Fig. 8. Analysis of regulatory relationship between RsrC and RsrA.

a, b Production of RSDEs and SSDEs by P. oxalicum parental strain Δku70, deletion mutants ΔrsrC and ΔrsrA, overexpression strain OrsrA, mutant OrsrAΔrsrC, and double mutant ΔrsrAΔrsrC. These strains were cultured in medium containing soluble corn starch for 2–4 days after transfer from glucose. Each mutant included three independent transformants. Results are mean ± SD. All experiments were performed at least three times. Lowercase letters represent p < 0.05. Different letters indicate significant differences, evaluated by one-way ANOVA. RSDE, raw starch-degrading enzyme; SSDE, soluble starch-degrading enzyme. c Schematic diagram indicating the truncated promoter region of rsrA for Y1H assay. d Y1H assay between RsrC and the truncated region of upstream DNA sequence of rsrA. Yeast cells carrying DNA fragments upstream of rsrA are cultured on SD/-Leu and SD/-Leu/AbA²⁰⁰ for 3 days.

Fig. 9. Co-regulation between RsrA, RsrB and RsrC in P. oxalicum.

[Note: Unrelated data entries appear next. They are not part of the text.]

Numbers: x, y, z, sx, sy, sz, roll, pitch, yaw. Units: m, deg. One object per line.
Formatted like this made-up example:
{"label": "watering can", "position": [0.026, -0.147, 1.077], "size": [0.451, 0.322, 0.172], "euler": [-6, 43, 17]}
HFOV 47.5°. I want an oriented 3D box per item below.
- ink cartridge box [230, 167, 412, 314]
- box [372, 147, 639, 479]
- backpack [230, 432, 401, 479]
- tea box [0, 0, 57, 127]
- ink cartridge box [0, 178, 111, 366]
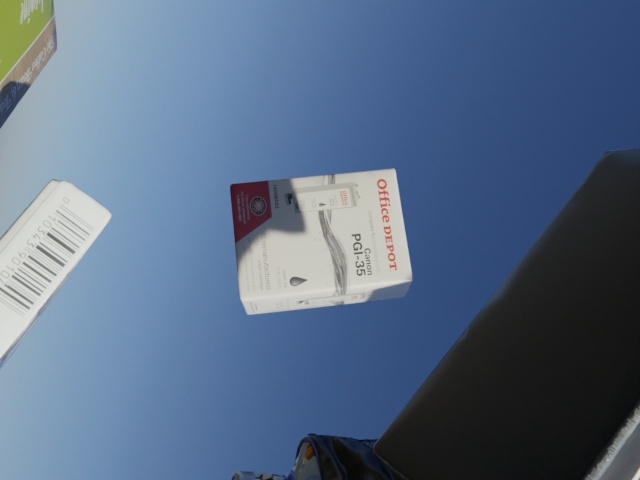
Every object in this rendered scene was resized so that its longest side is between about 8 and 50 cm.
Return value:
{"label": "ink cartridge box", "position": [0.000, 0.000, 1.228], "size": [0.117, 0.282, 0.207], "euler": [92, -9, -73]}
{"label": "box", "position": [0.251, 0.137, 0.499], "size": [0.296, 0.294, 0.182], "euler": [-48, -159, -12]}
{"label": "backpack", "position": [0.007, 0.321, 0.594], "size": [0.277, 0.213, 0.263], "euler": [-88, -178, -52]}
{"label": "tea box", "position": [-0.380, -0.250, 0.479], "size": [0.220, 0.328, 0.324], "euler": [-92, -171, -55]}
{"label": "ink cartridge box", "position": [-0.221, 0.065, 0.468], "size": [0.206, 0.045, 0.208], "euler": [-56, -165, -16]}

a Number of DEGs between RsrA, RsrB and RsrC regulons. Thresholds were set at False Discovery Rate ≤0.05 or p < 0.05. b KEGG annotations of genes co-regulated by RsrA, RsrB and RsrC. c Genes encoding CAZymes, TFs, sugar transporters and amylolytic enzymes regulated by RsrA, RsrB and RsrC.

Fig. 10. Proposed model of RsrC-RsrA-RsrB regulation in P. oxalicum in the presence of soluble corn starch.

a Model of RsrC-RsrA-RsrB regulation. PoxGA15A, raw starch-degrading glucoamylase. b Regulatory network at 24 h of induction. Dashed lines indicate indirect regulation or non-confirmation.